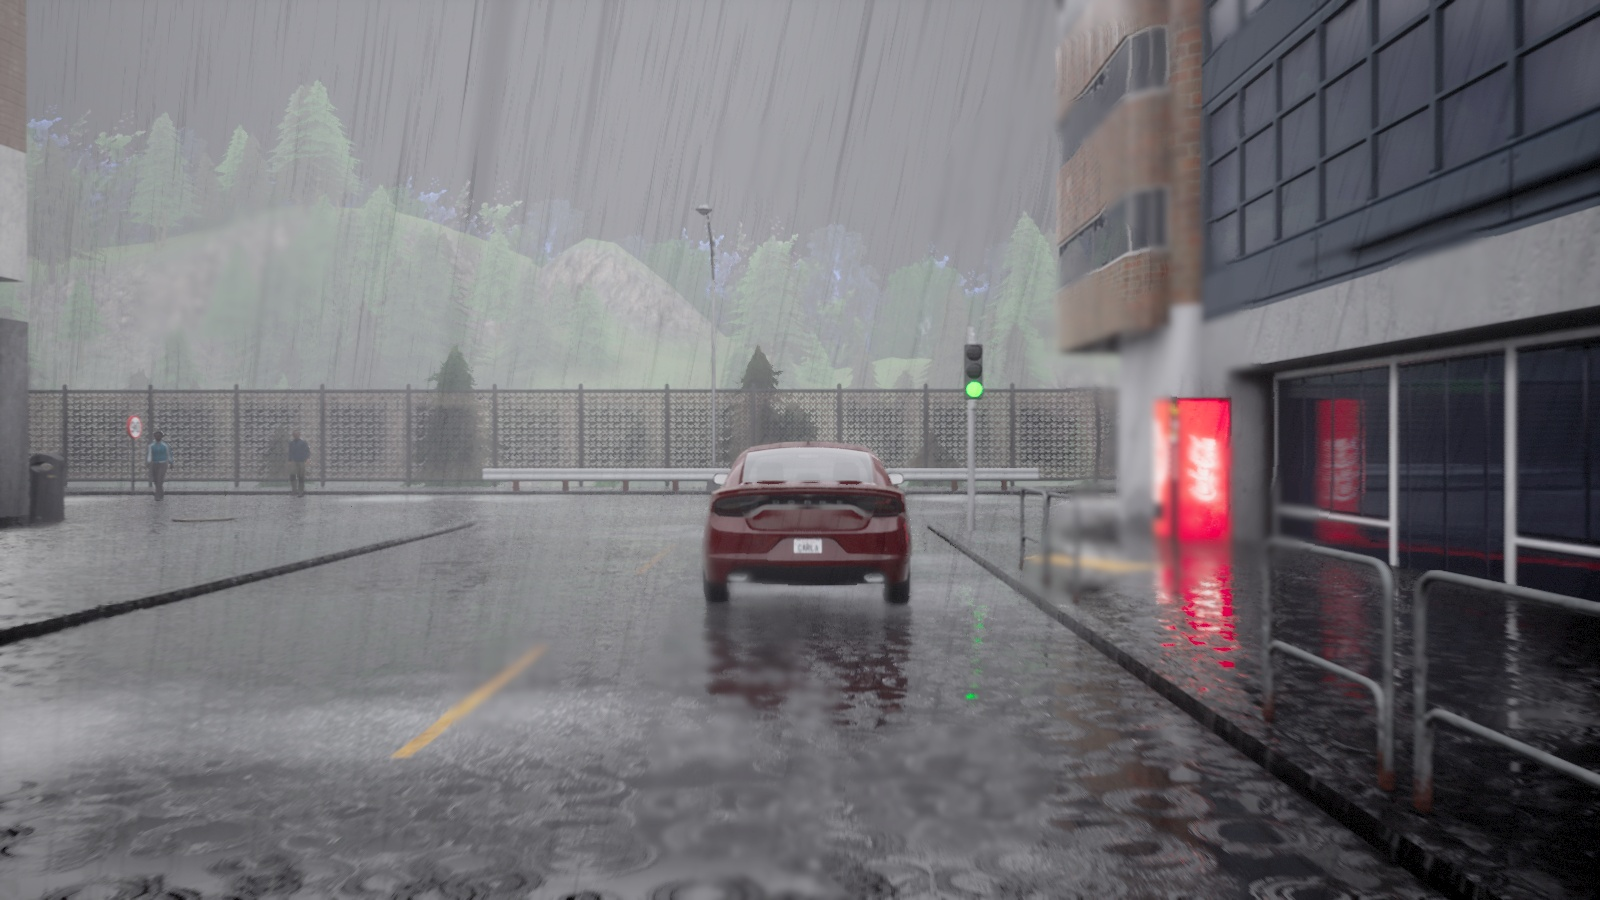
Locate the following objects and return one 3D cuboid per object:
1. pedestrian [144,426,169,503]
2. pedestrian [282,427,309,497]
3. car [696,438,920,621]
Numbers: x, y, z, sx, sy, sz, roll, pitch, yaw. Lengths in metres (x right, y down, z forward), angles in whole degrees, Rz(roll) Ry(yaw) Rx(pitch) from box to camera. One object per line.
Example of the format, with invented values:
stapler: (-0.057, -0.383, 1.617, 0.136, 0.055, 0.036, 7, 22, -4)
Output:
pedestrian: (-16.260, 0.359, 31.740, 0.396, 1.930, 0.692, 0, 0, -13)
pedestrian: (-13.407, 0.324, 33.367, 0.402, 1.842, 0.726, 0, 0, 1)
car: (0.086, 0.651, 13.051, 1.882, 1.535, 5.008, 0, 0, 0)

::::

*Brief:* Set each line of the records down exactly, leaving every picture out.

*Answer section:*
Locate the following objects and return one 3D cuboid per object:
1. pedestrian [144,426,169,503]
2. pedestrian [282,427,309,497]
3. car [696,438,920,621]
Numbers: x, y, z, sx, sy, sz, roll, pitch, yaw. Lengths in metres (x right, y down, z forward), angles in whole degrees, Rz(roll) Ry(yaw) Rx(pitch) from box to camera. One object per line.
Example of the format, with invented values:
stapler: (-0.057, -0.383, 1.617, 0.136, 0.055, 0.036, 7, 22, -4)
Output:
pedestrian: (-16.260, 0.359, 31.740, 0.396, 1.930, 0.692, 0, 0, -13)
pedestrian: (-13.407, 0.324, 33.367, 0.402, 1.842, 0.726, 0, 0, 1)
car: (0.086, 0.651, 13.051, 1.882, 1.535, 5.008, 0, 0, 0)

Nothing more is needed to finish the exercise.